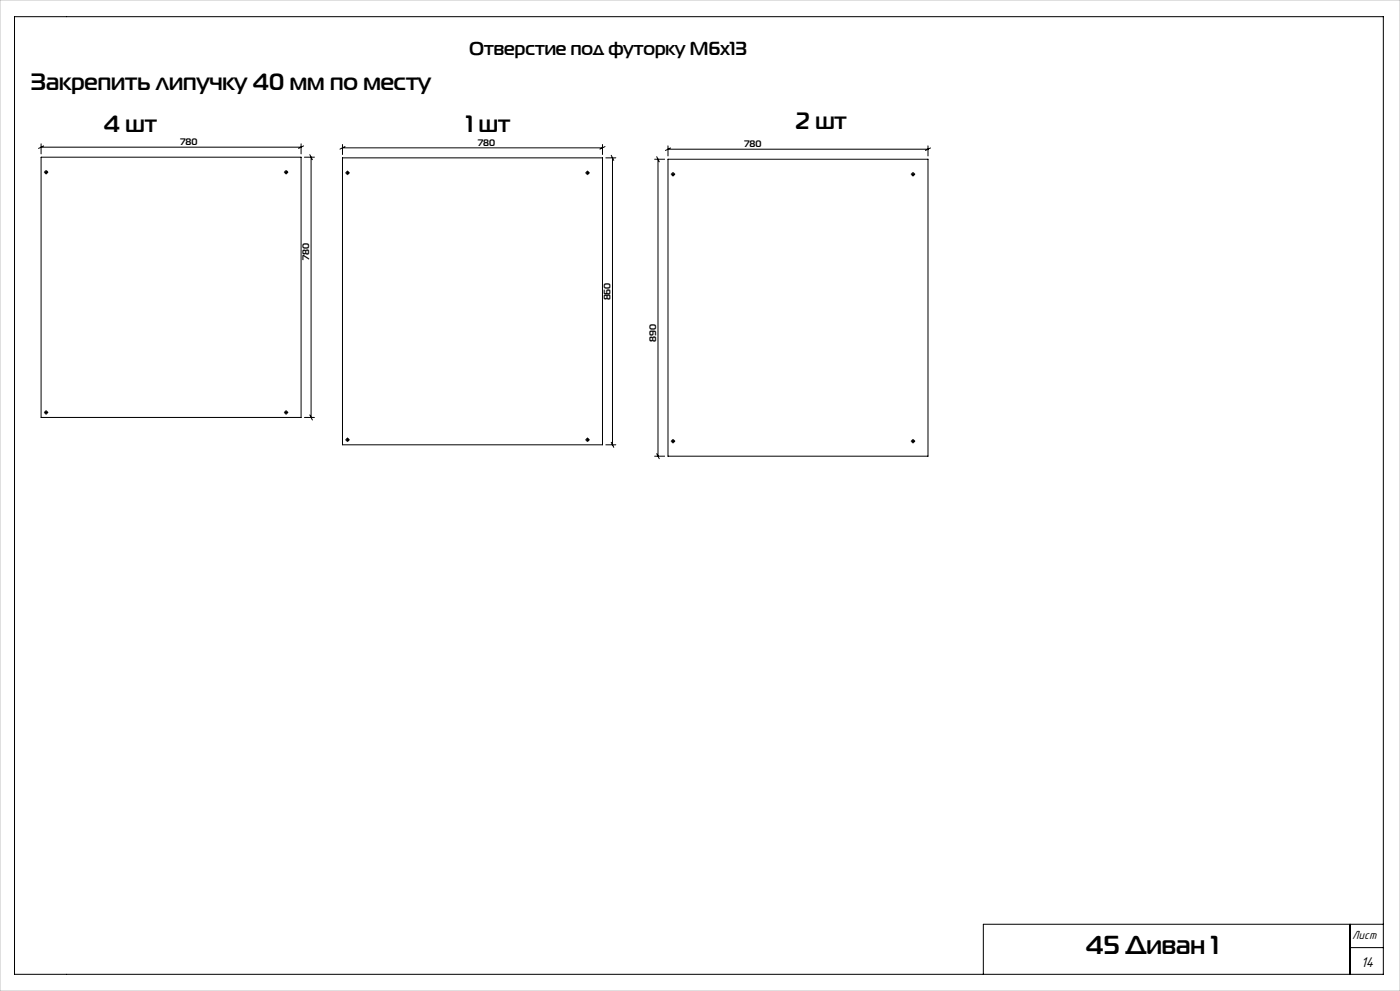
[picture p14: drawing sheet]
<svg xmlns="http://www.w3.org/2000/svg" width="420mm" height="297mm" viewBox="0 0 420 297" stroke-linecap="round" stroke-linejoin="round" font-family="sans-serif">
<defs><g id="words">
<text font-size="7.8" x="325.8" y="285.9">45 Диван 1</text>
<g font-size="7.1">
<text x="9.2" y="26.9">Закрепить липучку 40 мм по месту</text>
<text x="31.1" y="39.5">4 шт</text>
<text x="139.9" y="39.5">1 шт</text>
<text x="238.5" y="38.6">2 шт</text>
</g>
<text font-size="5.6" x="140.8" y="16.3">Отверстие под футорку М6х13</text>
<text font-size="4.4" x="408.3" y="289.8">14</text>
<text font-size="3.7" x="405.6" y="281.4">Лист</text>
<g font-size="2.8">
<text x="54.1" y="43.6">780</text>
<text x="143.4" y="43.8">780</text>
<text x="223.3" y="44.2">780</text>
<text x="92.8" y="78" transform="rotate(-90 92.8 78)">780</text>
<text x="183.2" y="90.1" transform="rotate(-90 183.2 90.1)">860</text>
<text x="196.8" y="102.6" transform="rotate(-90 196.8 102.6)">890</text>
</g>
</g></defs>
<g fill="none" stroke="#000" stroke-width=".3">
<path d="M4.4 5h410.6v287h-410.6zM12.3 47.1h78v78h-78zM12.3 43.1v3M12.3 44.1h78M13.1 43.7l-1.5 .8M13.6 51.6h.5M13.8 51.4v.5M85.6 51.6h.5M85.8 51.4v.5M90.3 43.1v3M91.1 43.7l-1.5 .8M91.3 47.1h3"/>
<path d="M92.9 46.3l.8 1.6M93.3 47.1v78M102.7 47.3h78v86h-78zM102.7 43.3v3M102.7 44.3h78M103.5 43.9l-1.5 .8M104 51.8h.5M104.2 51.6v.5M176 51.8h.5M176.2 51.6v.5M180.7 43.3v3M181.5 43.9l-1.5 .8"/>
<path d="M181.7 47.3h3M183.4 46.5l.7 1.6M183.7 47.3v86M196.4 47.7h3M197 47l.8 1.5M197.4 47.7v89M200.4 43.7v3M200.4 47.7h78v89h-78zM200.4 44.7h78M201.2 44.3l-1.6 .8M201.6 52.2h.5M201.9 52v.5"/>
<path d="M273.6 52.2h.5M273.9 52v.5M278.4 43.7v3M279.2 44.3l-1.6 .8M13.6 123.6h.5M13.8 123.4v.5M85.6 123.6h.5M85.8 123.4v.5M91.3 125.1h3M92.9 124.3l.8 1.6M104 131.8h.5M104.2 131.6v.5"/>
<path d="M176 131.8h.5M176.2 131.6v.5M181.7 133.3h3M183.4 132.5l.7 1.6M196.4 136.7h3M197 136l.8 1.5M201.6 132.2h.5M201.9 132v.5M273.6 132.2h.5M273.9 132v.5M405 277v15M415 277h-120v15"/>
<path d="M405 284h10"/>
<circle cx="13.8" cy="51.6" r=".4"/>
<circle cx="85.8" cy="51.6" r=".4"/>
<circle cx="104.2" cy="51.8" r=".4"/>
<circle cx="176.2" cy="51.8" r=".4"/>
<circle cx="201.9" cy="52.2" r=".4"/>
<circle cx="273.9" cy="52.2" r=".4"/>
<circle cx="13.8" cy="123.6" r=".4"/>
<circle cx="85.8" cy="123.6" r=".4"/>
<circle cx="104.2" cy="131.8" r=".4"/>
<circle cx="176.2" cy="131.8" r=".4"/>
<circle cx="201.9" cy="132.2" r=".4"/>
<circle cx="273.9" cy="132.2" r=".4"/>
</g>
<g fill="none" stroke="#000" stroke-width=".3" stroke-dasharray="15.2 1.3 1.3 1.3" stroke-linecap="butt">
<path d="M13.3 51.6h-.1M13.8 51.1v-.1M13.8 52.1v.2M14.3 51.6h.2M85.3 51.6h-.1M85.8 51.1v-.1M85.8 52.1v.2M86.3 51.6h.2M103.7 51.8h-.1M104.2 51.3v-.1M104.2 52.3v.2M104.7 51.8h.2"/>
<path d="M175.7 51.8h-.1M176.2 51.3v-.1M176.2 52.3v.2M176.7 51.8h.2M201.4 52.2h-.2M201.9 51.7v-.1M201.9 52.7v.2M202.4 52.2h.1M273.4 52.2h-.2M273.9 51.7v-.1M273.9 52.7v.2M274.4 52.2h.1"/>
<path d="M13.3 123.6h-.1M13.8 123.1v-.1M13.8 124.1v.2M14.3 123.6h.2M85.3 123.6h-.1M85.8 123.1v-.1M85.8 124.1v.2M86.3 123.6h.2M103.7 131.8h-.1M104.2 131.3v-.1M104.2 132.3v.2M104.7 131.8h.2"/>
<path d="M175.7 131.8h-.1M176.2 131.3v-.1M176.2 132.3v.2M176.7 131.8h.2M201.4 132.2h-.2M201.9 131.7v-.1M201.9 132.7v.2M202.4 132.2h.1M273.4 132.2h-.2M273.9 131.7v-.1M273.9 132.7v.2M274.4 132.2h.1"/>
</g>
<path d="M0 0h420v297h-420z" fill="none" stroke="#c0c0c0" stroke-width=".3"/>
<use href="#words"/>
</svg>

:::::

▸ **YOUR INSTRUCTIONS**: Return all of the data exactly as written, and drop the pictures.

▸ **ANSWER TO THIS TASK**:
[picture p14: drawing sheet]
<svg xmlns="http://www.w3.org/2000/svg" width="420mm" height="297mm" viewBox="0 0 420 297" stroke-linecap="round" stroke-linejoin="round" font-family="sans-serif">
<defs><g id="words">
<text font-size="7.8" x="325.8" y="285.9">45 Диван 1</text>
<g font-size="7.1">
<text x="9.2" y="26.9">Закрепить липучку 40 мм по месту</text>
<text x="31.1" y="39.5">4 шт</text>
<text x="139.9" y="39.5">1 шт</text>
<text x="238.5" y="38.6">2 шт</text>
</g>
<text font-size="5.6" x="140.8" y="16.3">Отверстие под футорку М6х13</text>
<text font-size="4.4" x="408.3" y="289.8">14</text>
<text font-size="3.7" x="405.6" y="281.4">Лист</text>
<g font-size="2.8">
<text x="54.1" y="43.6">780</text>
<text x="143.4" y="43.8">780</text>
<text x="223.3" y="44.2">780</text>
<text x="92.8" y="78" transform="rotate(-90 92.8 78)">780</text>
<text x="183.2" y="90.1" transform="rotate(-90 183.2 90.1)">860</text>
<text x="196.8" y="102.6" transform="rotate(-90 196.8 102.6)">890</text>
</g>
</g></defs>
<g fill="none" stroke="#000" stroke-width=".3">
<path d="M4.4 5h410.6v287h-410.6zM12.3 47.1h78v78h-78zM12.3 43.1v3M12.3 44.1h78M13.1 43.7l-1.5 .8M13.6 51.6h.5M13.8 51.4v.5M85.6 51.6h.5M85.8 51.4v.5M90.3 43.1v3M91.1 43.7l-1.5 .8M91.3 47.1h3"/>
<path d="M92.9 46.3l.8 1.6M93.3 47.1v78M102.7 47.3h78v86h-78zM102.7 43.3v3M102.7 44.3h78M103.5 43.9l-1.5 .8M104 51.8h.5M104.2 51.6v.5M176 51.8h.5M176.2 51.6v.5M180.7 43.3v3M181.5 43.9l-1.5 .8"/>
<path d="M181.7 47.3h3M183.4 46.5l.7 1.6M183.7 47.3v86M196.4 47.7h3M197 47l.8 1.5M197.4 47.7v89M200.4 43.7v3M200.4 47.7h78v89h-78zM200.4 44.7h78M201.2 44.3l-1.6 .8M201.6 52.2h.5M201.9 52v.5"/>
<path d="M273.6 52.2h.5M273.9 52v.5M278.4 43.7v3M279.2 44.3l-1.6 .8M13.6 123.6h.5M13.8 123.4v.5M85.6 123.6h.5M85.8 123.4v.5M91.3 125.1h3M92.9 124.3l.8 1.6M104 131.8h.5M104.2 131.6v.5"/>
<path d="M176 131.8h.5M176.2 131.6v.5M181.7 133.3h3M183.4 132.5l.7 1.6M196.4 136.7h3M197 136l.8 1.5M201.6 132.2h.5M201.9 132v.5M273.6 132.2h.5M273.9 132v.5M405 277v15M415 277h-120v15"/>
<path d="M405 284h10"/>
<circle cx="13.8" cy="51.6" r=".4"/>
<circle cx="85.8" cy="51.6" r=".4"/>
<circle cx="104.2" cy="51.8" r=".4"/>
<circle cx="176.2" cy="51.8" r=".4"/>
<circle cx="201.9" cy="52.2" r=".4"/>
<circle cx="273.9" cy="52.2" r=".4"/>
<circle cx="13.8" cy="123.6" r=".4"/>
<circle cx="85.8" cy="123.6" r=".4"/>
<circle cx="104.2" cy="131.8" r=".4"/>
<circle cx="176.2" cy="131.8" r=".4"/>
<circle cx="201.9" cy="132.2" r=".4"/>
<circle cx="273.9" cy="132.2" r=".4"/>
</g>
<g fill="none" stroke="#000" stroke-width=".3" stroke-dasharray="15.2 1.3 1.3 1.3" stroke-linecap="butt">
<path d="M13.3 51.6h-.1M13.8 51.1v-.1M13.8 52.1v.2M14.3 51.6h.2M85.3 51.6h-.1M85.8 51.1v-.1M85.8 52.1v.2M86.3 51.6h.2M103.7 51.8h-.1M104.2 51.3v-.1M104.2 52.3v.2M104.7 51.8h.2"/>
<path d="M175.7 51.8h-.1M176.2 51.3v-.1M176.2 52.3v.2M176.7 51.8h.2M201.4 52.2h-.2M201.9 51.7v-.1M201.9 52.7v.2M202.4 52.2h.1M273.4 52.2h-.2M273.9 51.7v-.1M273.9 52.7v.2M274.4 52.2h.1"/>
<path d="M13.3 123.6h-.1M13.8 123.1v-.1M13.8 124.1v.2M14.3 123.6h.2M85.3 123.6h-.1M85.8 123.1v-.1M85.8 124.1v.2M86.3 123.6h.2M103.7 131.8h-.1M104.2 131.3v-.1M104.2 132.3v.2M104.7 131.8h.2"/>
<path d="M175.7 131.8h-.1M176.2 131.3v-.1M176.2 132.3v.2M176.7 131.8h.2M201.4 132.2h-.2M201.9 131.7v-.1M201.9 132.7v.2M202.4 132.2h.1M273.4 132.2h-.2M273.9 131.7v-.1M273.9 132.7v.2M274.4 132.2h.1"/>
</g>
<path d="M0 0h420v297h-420z" fill="none" stroke="#c0c0c0" stroke-width=".3"/>
<use href="#words"/>
</svg>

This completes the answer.